Fabienne LEPLAT, psychomotricienne au CMPP, CAMPS de Firminy

Conférence donnée dans le cadre de L’université d’été de l’ISRP, Paris, juillet 2005

L’instabilité psychomotrice est toujours un motif très fréquent de consultation. IL ne s’agit pas ici de faire une revue impossible des travaux traitant de cette question mais de poser les références dans lesquelles s’inscrit ce propos à savoir : l’étude sémiologique de l’instabilité psychomotrice.

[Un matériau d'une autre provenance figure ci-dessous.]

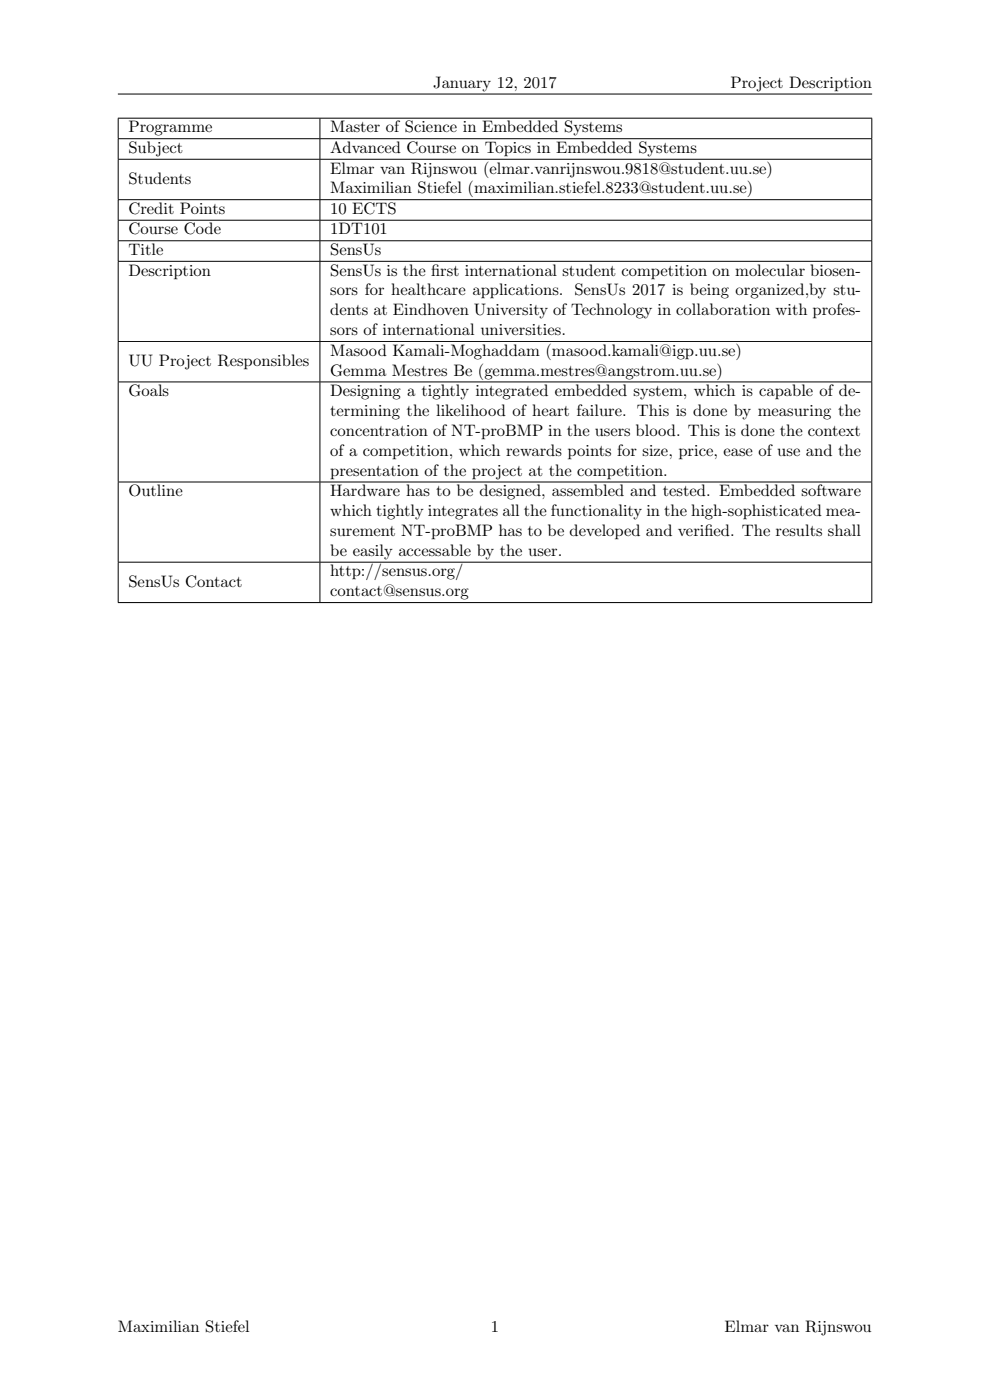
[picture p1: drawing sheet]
<svg xmlns="http://www.w3.org/2000/svg" width="210mm" height="297mm" viewBox="0 0 210 297" stroke-linecap="round" stroke-linejoin="round" font-family="sans-serif">
<defs><g id="words">
<g font-size="3.5">
<text x="91.9" y="18.6">January 12, 2017</text>
<text x="155" y="18.6">Project Description</text>
<text x="27.2" y="28.1">Programme</text>
<text x="70" y="28.1">Master of Science in Embedded Systems</text>
<text x="27.2" y="32.5">Subject</text>
<text x="70" y="32.5">Advanced Course on Topics in Embedded Systems</text>
<text x="27.2" y="39">Students</text>
<text x="70" y="36.8">Elmar van Rijnswou (elmar.vanrijnswou.9818@student.uu.se)</text>
<text x="70" y="41">Maximilian Stiefel (maximilian.stiefel.8233@student.uu.se)</text>
<text x="27.2" y="45.4">Credit Points</text>
<text x="70" y="45.4">10 ECTS</text>
<text x="27.2" y="49.7">Course Code</text>
<text x="70" y="49.7">1DT101</text>
<text x="27.2" y="54.1">Title</text>
<text x="27.2" y="58.5">Description</text>
<text x="70" y="54.1">SensUs</text>
<text x="70" y="58.5">SensUs is the f</text>
<text x="91.4" y="58.5">irst international student competition on molecular biosen-</text>
<text x="70" y="62.7">sors for healthcare applications. SensUs 2017 is being organized,by stu-</text>
<text x="70" y="66.9">dents at Eindhoven University of Technology in collaboration with profes-</text>
<text x="70" y="71.1">sors of international universities.</text>
<text x="27.2" y="77.6">UU Project Responsibles</text>
<text x="70" y="75.5">Masood Kamali-Moghaddam (masood.kamali@igp.uu.se)</text>
<text x="70" y="79.7">Gemma Mestres Be (gemma.mestres@angstrom.uu.se)</text>
<text x="27.2" y="84">Goals</text>
<text x="70" y="84">Designing a tightly integrated embedded system, which is capable of de-</text>
<text x="70" y="88.3">termining the likelihood of heart failure. This is done by measuring the</text>
<text x="70" y="92.5">concentration of NT-proBMP in the users blood. This is done the context</text>
<text x="70" y="96.7">of a competition, which rewards points for size, price, ease of use and the</text>
<text x="70" y="100.9">presentation of the project at the competition.</text>
<text x="27.2" y="105.3">Outline</text>
<text x="70" y="105.3">Hardware has to be designed, assembled and tested. Embedded software</text>
<text x="70" y="109.5">which tightly integrates all the functionality in the high-sophisticated mea-</text>
<text x="70" y="113.7">surement NT-proBMP has to be developed and verif</text>
<text x="149.4" y="113.7">ied. The results shall</text>
<text x="70" y="117.9">be easily accessable by the user.</text>
<text x="27.2" y="124.4">SensUs Contact</text>
<text x="70" y="122.3">http://sensus.org/</text>
<text x="70" y="126.5">contact@sensus.org</text>
<text x="25" y="282.5">Maximilian Stiefel</text>
<text x="104.1" y="282.5">1</text>
<text x="153.7" y="282.5">Elmar van Rijnswou</text>
</g>
</g></defs>
<g fill="none" stroke="#000" stroke-width=".21">
<path d="M25 20h160M25 25.1h160M25 29.4h160M25 33.8h160M25.1 25.1v4.3M25.1 29.5v4.2M25.1 33.9v8.4M67.9 25.1v4.3M67.9 29.5v4.2M67.9 33.9v8.4M184.9 25.1v4.3M184.9 29.5v4.2"/>
<path d="M184.9 33.9v8.4M25 42.4h160M25 46.7h160M25 51.1h160M25 55.4h160M25.1 42.4v4.2M25.1 46.8v4.2M25.1 51.1v4.3M25.1 55.5v16.9M67.9 42.4v4.2M67.9 46.8v4.2M67.9 51.1v4.3"/>
<path d="M67.9 55.5v16.9M184.9 42.4v4.2M184.9 46.8v4.2M184.9 51.1v4.3M184.9 55.5v16.9M25 72.4h160M25.1 72.5v8.5M67.9 72.5v8.5M184.9 72.5v8.5M25 81h160M25.1 81.1v21.1M67.9 81.1v21.1"/>
<path d="M184.9 81.1v21.1M25 102.3h160M25 119.3h160M25.1 102.3v16.9M25.1 119.3v8.5M67.9 102.3v16.9M67.9 119.3v8.5M184.9 102.3v16.9M184.9 119.3v8.5M25 127.8h160"/>
</g>
<use href="#words"/>
</svg>

Pour ce faire je vais m’appuyer sur les travaux de J Bergès qui a repéré 2 formes d’instabilité psychomotrice : l’une qui correspondrait à un état tensionnel et l’autre qui correspondrait à son contraire, l’état déhiscent. Le bilan psychomoteur dans son approche sémiologique va permettre de spécifier les formes de l’instabilité pour pouvoir préciser les approches thérapeutiques. En effet, même si la thérapie psychomotrice est généralement indiquée, ses modalités seront différentes : on ne traite pas de la même manière " les ratés de la contention et les ratés de la contenance ".Pour situer le cadre de ce propos, rappelons que l’instabilité psychomotrice infantile s’observe aux travers de nombreux signes organisés selon 4 axes : l’instabilité motrice avec une agitation plus ou moins importante ; l’instabilité psychique avec des comportements impulsifs et des troubles de l’attention ; la fragilité et la labilité émotionnelle ; les troubles relationnels.Cette réflexion s’inscrit dans une approche psychodynamique et développementale. L’instabilité serait alors une pathologie du lien et avant tout " une pathologie du mouvement tonique ", du geste.La sémiologie de l’instabilité psychomotrice décrit des troubles toniques, praxiques, spatiaux temporels et de la représentation de l’image du corps.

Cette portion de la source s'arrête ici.